To clarify - Bethesda is about 8 metro stops/20 mins from DC - it's not alien territory for them. I'm assuming people on this forum are from the DMV area. I work downtown DC and didn't think it unsafe. The babysitter and kids are confident and excited about it.

I planned to print an itinerary and maps/directions for the babysitter and put the Metro phone apps on their phones - they won't be wandering around aimlessly. They have GPS on their phones, even the 11 year old can use that. The only bus would be from Bethesda Metro Station so we're talking Montgomery County buses, not DC. The 15 year old has used buses around Montgomery County.

Can those who think it's not a good idea explain why? Is it DC, or the Metro or the buses? Or the people they'll encounter? I thought this was a safe area.

They could all stay home all week but I thought it'd be nice for them, the 15 year old included, to go out. The dad makes unfounded reports regardless but I try not to let it ruin opportunities for the kids. I'm just trying to determine how founded or unfounded this one would be.
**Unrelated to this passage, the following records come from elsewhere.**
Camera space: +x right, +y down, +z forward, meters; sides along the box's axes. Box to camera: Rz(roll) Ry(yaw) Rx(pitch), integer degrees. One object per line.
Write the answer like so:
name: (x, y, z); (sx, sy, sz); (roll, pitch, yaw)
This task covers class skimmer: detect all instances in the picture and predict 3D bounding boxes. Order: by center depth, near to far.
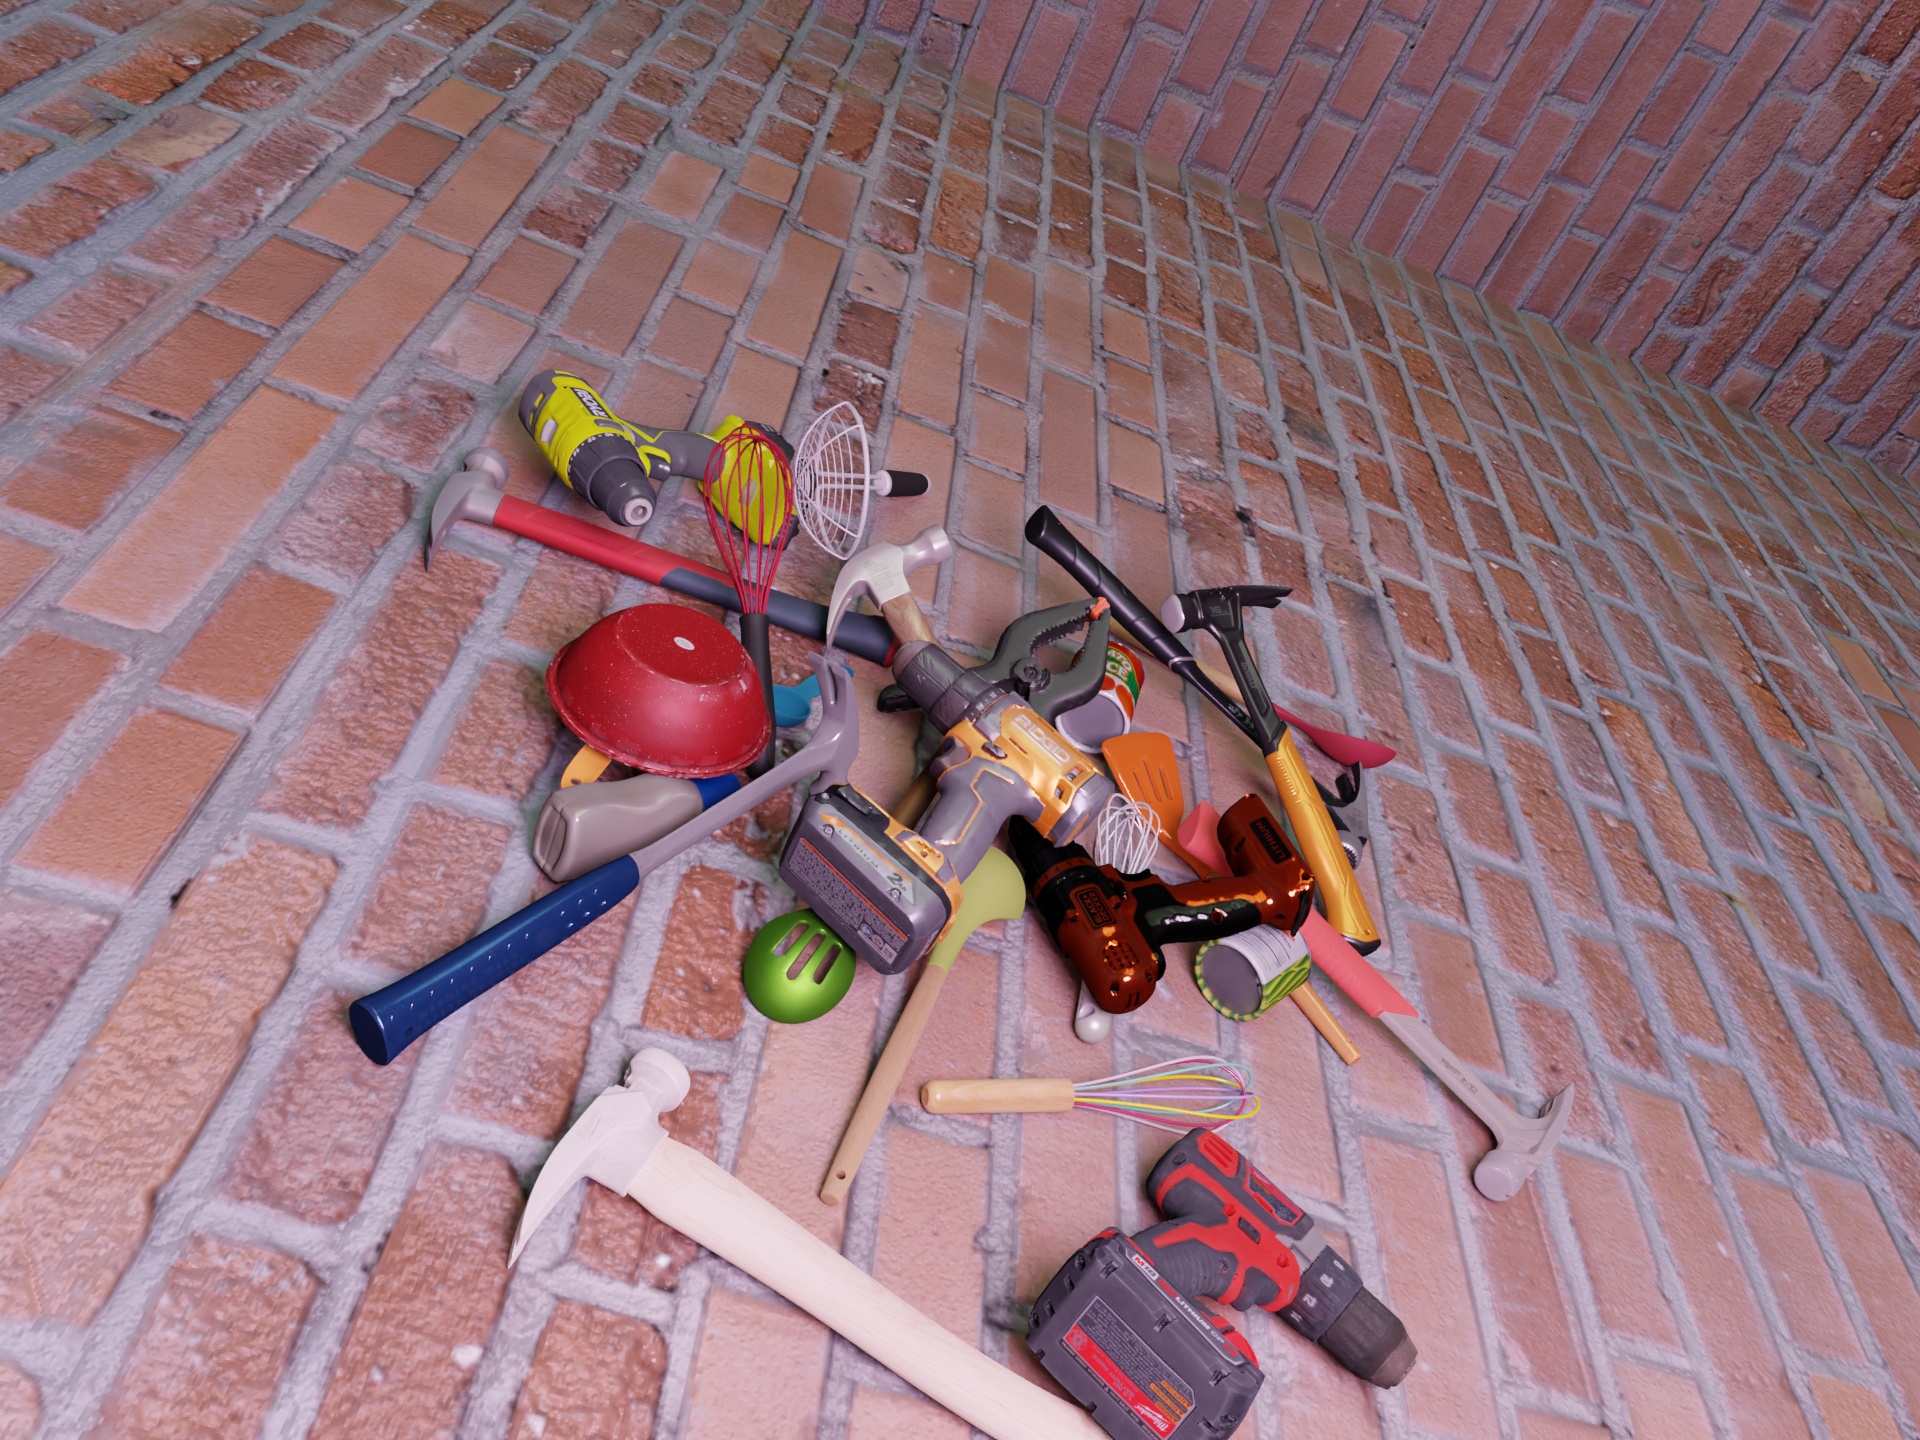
skimmer: (-0.062, -0.210, 1.409); (0.090, 0.127, 0.363); (3, 8, 16)

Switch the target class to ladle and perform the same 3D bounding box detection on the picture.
ladle: (-0.028, 0.191, 1.046); (0.078, 0.062, 0.320); (25, 42, 3)
ladle: (0.262, -0.029, 1.507); (0.315, 0.031, 0.069); (28, -8, 9)

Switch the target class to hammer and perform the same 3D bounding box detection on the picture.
hammer: (-0.041, 0.334, 0.851); (0.410, 0.038, 0.146); (31, 37, 6)
hammer: (-0.202, 0.086, 1.006); (0.035, 0.144, 0.405); (27, 39, 27)
hammer: (0.309, 0.195, 1.218); (0.359, 0.036, 0.149); (45, 37, 15)
hammer: (-0.002, -0.004, 1.255); (0.130, 0.031, 0.332); (-24, 67, -13)
hammer: (-0.233, -0.111, 1.293); (0.386, 0.038, 0.143); (19, 37, -10)
hammer: (0.279, 0.037, 1.334); (0.127, 0.034, 0.337); (-8, 68, -27)
hammer: (0.211, -0.040, 1.403); (0.409, 0.036, 0.149); (44, 32, -3)

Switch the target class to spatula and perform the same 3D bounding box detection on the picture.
spatula: (0.217, 0.136, 1.263); (0.081, 0.041, 0.323); (-6, 47, -39)

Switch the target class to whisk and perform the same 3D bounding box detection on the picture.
whisk: (0.091, 0.246, 1.043); (0.245, 0.051, 0.047); (5, 46, -23)
whisk: (0.112, 0.143, 1.184); (0.059, 0.058, 0.246); (54, 31, -26)
whisk: (-0.160, -0.096, 1.221); (0.073, 0.073, 0.296); (6, 68, -27)

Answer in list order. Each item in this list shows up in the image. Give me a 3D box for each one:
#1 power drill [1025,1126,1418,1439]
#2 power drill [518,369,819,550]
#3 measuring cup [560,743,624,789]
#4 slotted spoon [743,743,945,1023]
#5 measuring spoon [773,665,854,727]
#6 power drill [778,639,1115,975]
power drill: (0.159, 0.339, 0.911); (0.188, 0.080, 0.226); (41, 23, 20)
power drill: (-0.237, -0.208, 1.333); (0.228, 0.080, 0.191); (6, 32, -43)
measuring cup: (-0.240, 0.017, 1.116); (0.095, 0.052, 0.174); (27, 37, 1)
slotted spoon: (-0.056, 0.090, 1.115); (0.070, 0.031, 0.314); (32, 44, 3)
measuring spoon: (-0.121, -0.019, 1.271); (0.042, 0.021, 0.128); (35, 27, 12)
power drill: (-0.023, 0.046, 1.084); (0.185, 0.084, 0.226); (42, 48, 12)

Because American moms coddle their kids. Sorry but most American kids have low self-esteem, no common sense, are fearful of everything their parents worry them about, and have no way of direction. It is very different in other countries where public transportation and taking care of siblings/kids and going off on your own is very common. Our kids are idiots thanks to us. Next someone will mention that there "could" be a pedophile on the Metro that will snatch all the kids and that is why they don't let them do anything but watch tv and play on an iPad.
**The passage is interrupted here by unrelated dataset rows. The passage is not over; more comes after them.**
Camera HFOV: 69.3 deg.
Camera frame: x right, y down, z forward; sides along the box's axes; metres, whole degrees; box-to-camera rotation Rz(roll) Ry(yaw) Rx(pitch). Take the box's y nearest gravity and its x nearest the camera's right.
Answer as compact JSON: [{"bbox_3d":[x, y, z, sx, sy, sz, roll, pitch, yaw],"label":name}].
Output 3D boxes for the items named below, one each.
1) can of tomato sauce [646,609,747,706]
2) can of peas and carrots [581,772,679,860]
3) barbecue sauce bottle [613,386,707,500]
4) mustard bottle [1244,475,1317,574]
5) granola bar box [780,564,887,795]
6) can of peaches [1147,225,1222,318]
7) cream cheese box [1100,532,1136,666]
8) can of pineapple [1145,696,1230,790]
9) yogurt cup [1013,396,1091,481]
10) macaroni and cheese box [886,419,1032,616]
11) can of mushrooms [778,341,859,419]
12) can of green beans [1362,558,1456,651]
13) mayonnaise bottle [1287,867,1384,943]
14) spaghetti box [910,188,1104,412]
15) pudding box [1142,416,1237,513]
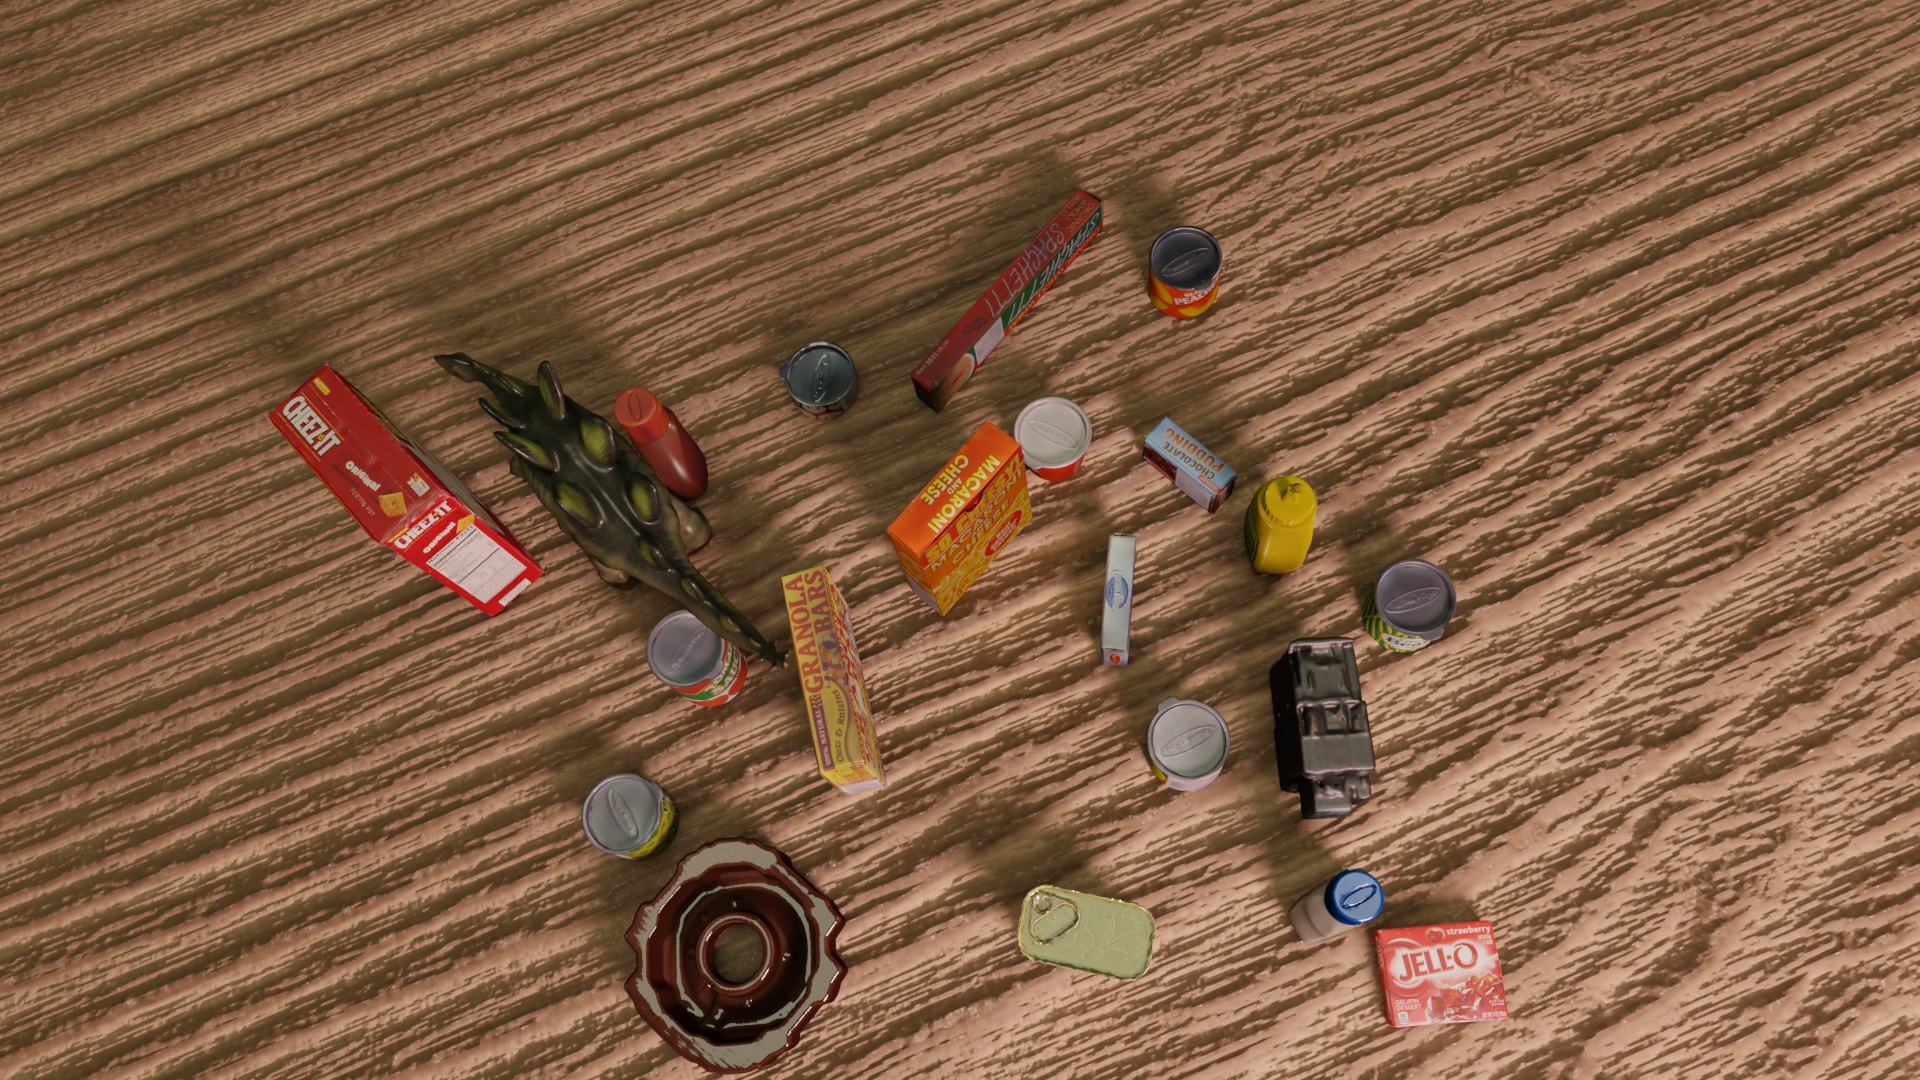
[{"bbox_3d":[-0.221,0.102,1.182,0.071,0.083,0.071,-2,71,5],"label":"can of tomato sauce"},{"bbox_3d":[-0.272,0.229,1.156,0.071,0.058,0.071,-2,71,5],"label":"can of peas and carrots"},{"bbox_3d":[-0.262,-0.088,1.219,0.044,0.148,0.065,-19,70,-1],"label":"barbecue sauce bottle"},{"bbox_3d":[0.263,-0.020,1.138,0.049,0.159,0.065,-5,71,4],"label":"mustard bottle"},{"bbox_3d":[-0.104,0.118,1.144,0.039,0.124,0.166,-14,70,1],"label":"granola bar box"},{"bbox_3d":[0.207,-0.244,1.276,0.071,0.058,0.071,-2,71,5],"label":"can of peaches"},{"bbox_3d":[0.134,0.051,1.182,0.024,0.053,0.104,4,71,7],"label":"cream cheese box"},{"bbox_3d":[0.185,0.166,1.134,0.071,0.057,0.071,-2,71,5],"label":"can of pineapple"},{"bbox_3d":[0.083,-0.087,1.235,0.072,0.053,0.072,-2,71,5],"label":"yogurt cup"},{"bbox_3d":[0.004,-0.015,1.158,0.040,0.166,0.124,39,79,16],"label":"macaroni and cheese box"},{"bbox_3d":[-0.130,-0.148,1.288,0.071,0.033,0.071,-2,71,5],"label":"can of mushrooms"},{"bbox_3d":[0.372,0.055,1.156,0.071,0.057,0.071,-2,71,5],"label":"can of green beans"},{"bbox_3d":[0.285,0.272,1.040,0.065,0.147,0.041,-27,71,-4],"label":"mayonnaise bottle"},{"bbox_3d":[0.046,-0.224,1.289,0.029,0.050,0.250,38,78,16],"label":"spaghetti box"},{"bbox_3d":[0.200,-0.066,1.219,0.084,0.049,0.030,41,79,17],"label":"pudding box"}]

Sure why not? That is your attitude. Live your beliefs. I would not do it, but they are not my kids.
Anonymous
Anonymous wrote:
Anonymous wrote:
Anonymous wrote:OP here. Thanks for the responses, it's helpful to hear other's opinions. I'm not American but have lived here several years, still it's not obvious to me sometimes what it is people are worried about.

To clarify - Bethesda is about 8 metro stops/20 mins from DC - it's not alien territory for them. I'm assuming people on this forum are from the DMV area. I work downtown DC and didn't think it unsafe. The babysitter and kids are confident and excited about it.

I planned to print an itinerary and maps/directions for the babysitter and put the Metro phone apps on their phones - they won't be wandering around aimlessly. They have GPS on their phones, even the 11 year old can use that. The only bus would be from Bethesda Metro Station so we're talking Montgomery County buses, not DC. The 15 year old has used buses around Montgomery County.

Can those who think it's not a good idea explain why? Is it DC, or the Metro or the buses? Or the people they'll encounter? I thought this was a safe area.

They could all stay home all week but I thought it'd be nice for them, the 15 year old included, to go out. The dad makes unfounded reports regardless but I try not to let it ruin opportunities for the kids. I'm just trying to determine how founded or unfounded this one would be.




Because American moms coddle their kids. Sorry but most American kids have low self-esteem, no common sense, are fearful of everything their parents worry them about, and have no way of direction. It is very different in other countries where public transportation and taking care of siblings/kids and going off on your own is very common. Our kids are idiots thanks to us. Next someone will mention that there "could" be a pedophile on the Metro that will snatch all the kids and that is why they don't let them do anything but watch tv and play on an iPad.


Sure why not? That is your attitude. Live your beliefs. I would not do it, but they are not my kids.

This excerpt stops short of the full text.